An employee stock ownership plan (ESOP) can be an appealing option for business owners looking to transition out of their companies. It’s particularly attractive for owners who don’t plan to transfer their business to children or other family members, but are reluctant to place their legacy in the hands of a third party.

In addition to providing a valuable employee benefit, an ESOP allows owners to transfer the company to their employees in the most tax-efficient manner possible. Unlike a management or employee buyout, in which employees acquire the company with their own after-tax funds, an ESOP finances the purchase with pre-tax corporate profits.

How It Works

An ESOP is a qualified, defined-contribution retirement plan, similar to a 401(k) or profit-sharing plan, that invests primarily in the sponsoring company’s stock. The company makes tax-deductible contributions on behalf of covered employees — usually all full-time employees — up to 25 percent of covered payroll.

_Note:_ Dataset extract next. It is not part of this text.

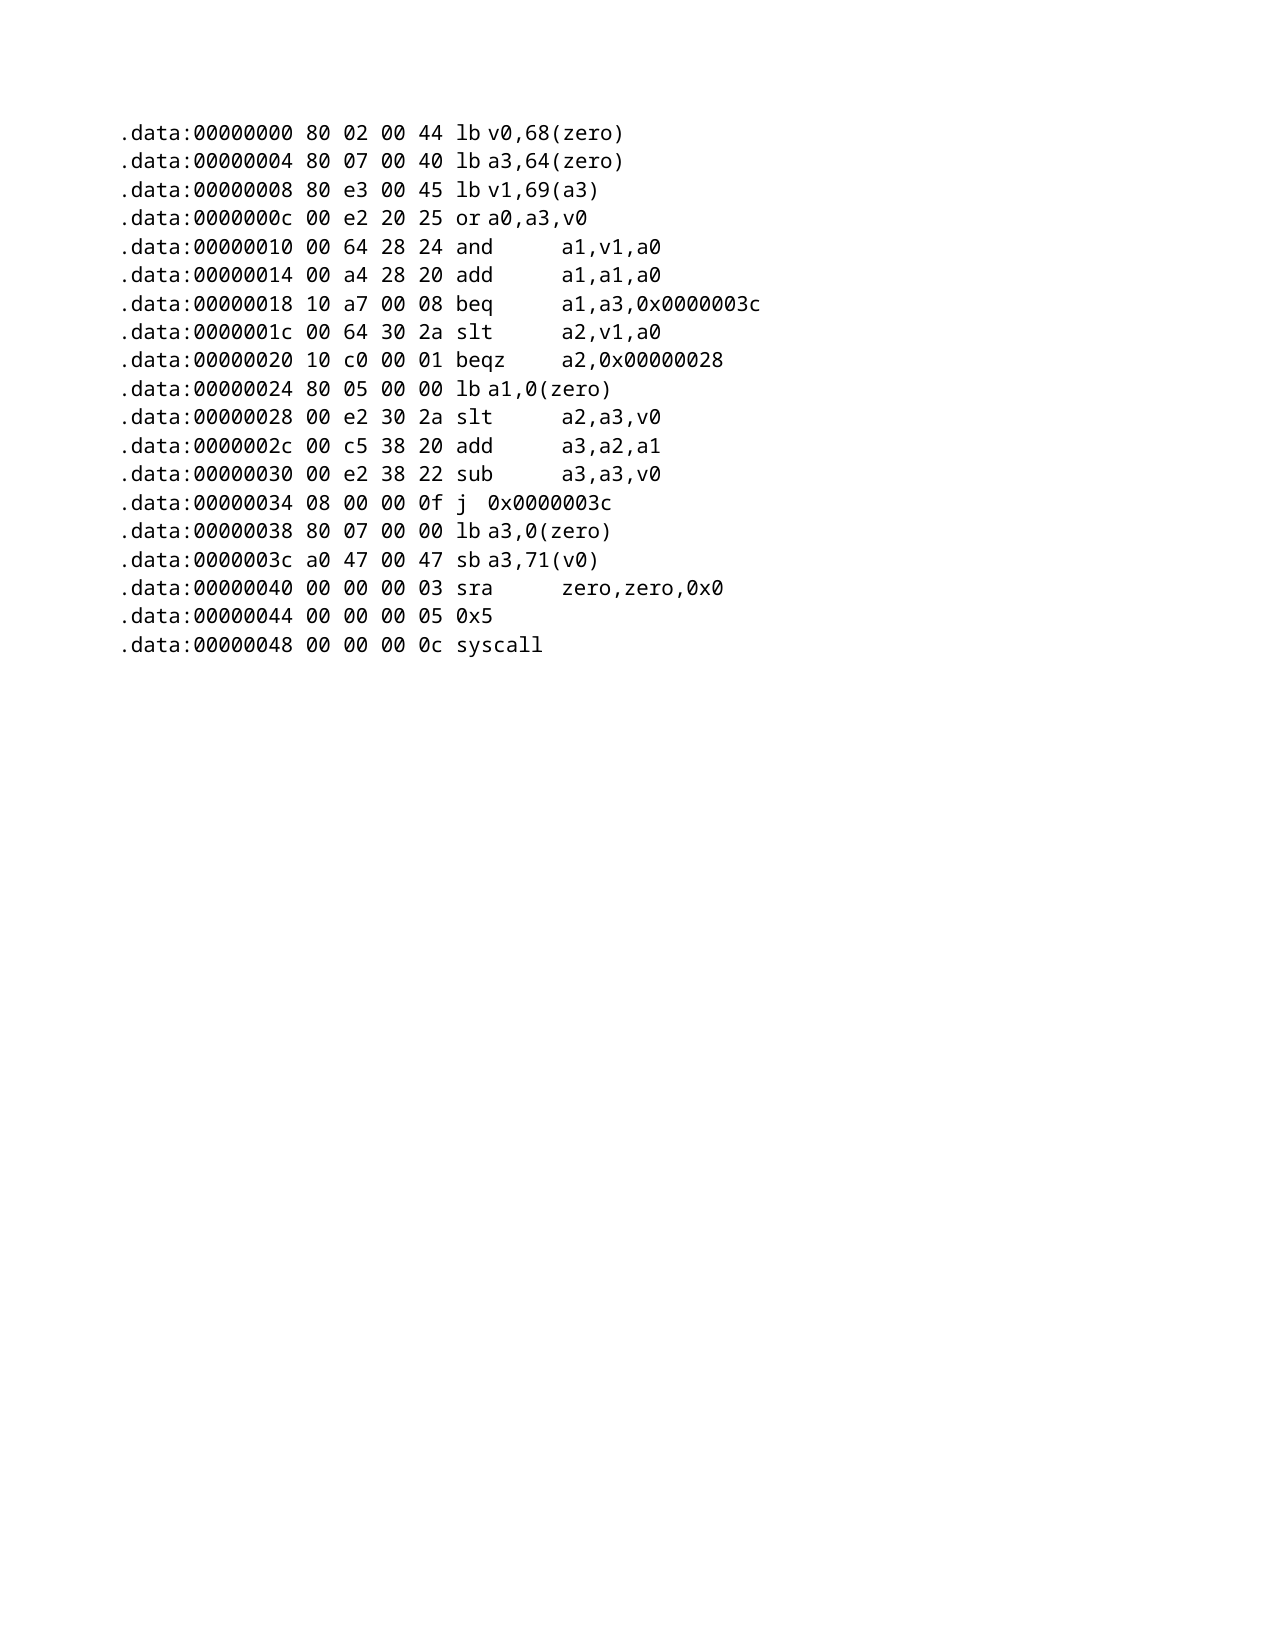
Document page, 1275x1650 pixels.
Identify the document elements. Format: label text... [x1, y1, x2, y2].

As with other defined-contribution plans ESOP contributions are often subject to a vesting schedule based on employees’ years of service. Employees pay no tax on the stock allocated to their accounts until it’s distributed. When employees retire or otherwise become eligible for distributions, they receive the vested portions of their accounts in stock or cash, either in a lump sum or in installments. Employees who receive nonpublic stock have a “put option,” which allows them to sell the stock back to the company for fair market value during specified time windows. Private companies that sponsor ESOPs must have their stock valued annually by an independent appraiser.

Benefits for Owners and Companies

An ESOP allows owners to sell their shares in a highly tax-advantaged manner. If the company were to redeem their shares, the purchase would have to be made with after-tax dollars. But an ESOP allows the company to finance the purchase with tax-deductible contributions. And if an owner wishes to sell more shares than the contributions will cover, the ESOP can borrow the money it needs to buy his or her shares and the company’s annual contributions are used to make the loan payments. This type of “leveraged ESOP” provides an enormous tax advantage: Because ESOP contributions are tax-deductible, the company essentially deducts both interest and principal on the loan.

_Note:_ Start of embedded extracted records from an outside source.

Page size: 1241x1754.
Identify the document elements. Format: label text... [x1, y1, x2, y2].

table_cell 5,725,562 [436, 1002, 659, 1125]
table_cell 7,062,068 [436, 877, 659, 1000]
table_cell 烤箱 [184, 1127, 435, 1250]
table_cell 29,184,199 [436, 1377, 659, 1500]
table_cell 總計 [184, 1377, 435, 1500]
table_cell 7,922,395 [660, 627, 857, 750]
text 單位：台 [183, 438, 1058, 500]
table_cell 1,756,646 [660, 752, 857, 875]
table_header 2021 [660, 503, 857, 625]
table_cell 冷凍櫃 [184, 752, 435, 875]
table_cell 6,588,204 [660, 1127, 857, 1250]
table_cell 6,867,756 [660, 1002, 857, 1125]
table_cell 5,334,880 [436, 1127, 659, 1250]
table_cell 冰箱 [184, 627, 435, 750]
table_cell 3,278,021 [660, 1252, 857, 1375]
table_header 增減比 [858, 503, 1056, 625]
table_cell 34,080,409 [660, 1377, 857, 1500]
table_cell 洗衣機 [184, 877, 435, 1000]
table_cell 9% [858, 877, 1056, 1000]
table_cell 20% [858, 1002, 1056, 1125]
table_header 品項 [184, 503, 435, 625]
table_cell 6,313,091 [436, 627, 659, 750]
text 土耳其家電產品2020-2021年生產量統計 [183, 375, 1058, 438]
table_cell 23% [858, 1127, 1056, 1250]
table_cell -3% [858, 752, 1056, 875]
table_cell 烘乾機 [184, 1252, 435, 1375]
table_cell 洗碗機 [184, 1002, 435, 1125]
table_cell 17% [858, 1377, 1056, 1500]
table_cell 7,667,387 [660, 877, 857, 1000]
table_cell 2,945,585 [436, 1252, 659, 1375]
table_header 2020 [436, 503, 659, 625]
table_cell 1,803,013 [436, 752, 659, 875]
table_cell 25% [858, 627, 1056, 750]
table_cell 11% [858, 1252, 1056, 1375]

In addition, if the company is structured as a C corporation and the ESOP ends up with at least 30 percent of its stock, owners who have held their stock for at least three years can defer any capital gains by reinvesting the proceeds in qualified replacement property (QRP) within one year. QRP includes most securities issued by domestic operating corporations.

Tax deferral isn’t available to owners of S corporations, but S corporation ESOPs offer another valuable benefit: Profits allocable to shares held by an ESOP are exempt from federal income taxes and, usually, state income taxes. So, if an ESOP owns 100 percent of an S corporation’s shares, the corporation escapes federal (and, usually, state) income taxes altogether.

Another advantage of an ESOP is that it allows owners to divest themselves from the company without giving up control right away. That’s because stock sold to an ESOP is held in a trust until it’s distributed to employees, and the trustees, who can include the selling owners, continue to vote the trust’s shares on most corporate matters.

Plan Your Exit

If you’re a business owner looking for an exit strategy, an ESOP is worth a look. ESOPs are available only to corporations, so owners of partnerships and LLCs should weigh the costs of converting to a corporation against the potential benefits of an ESOP.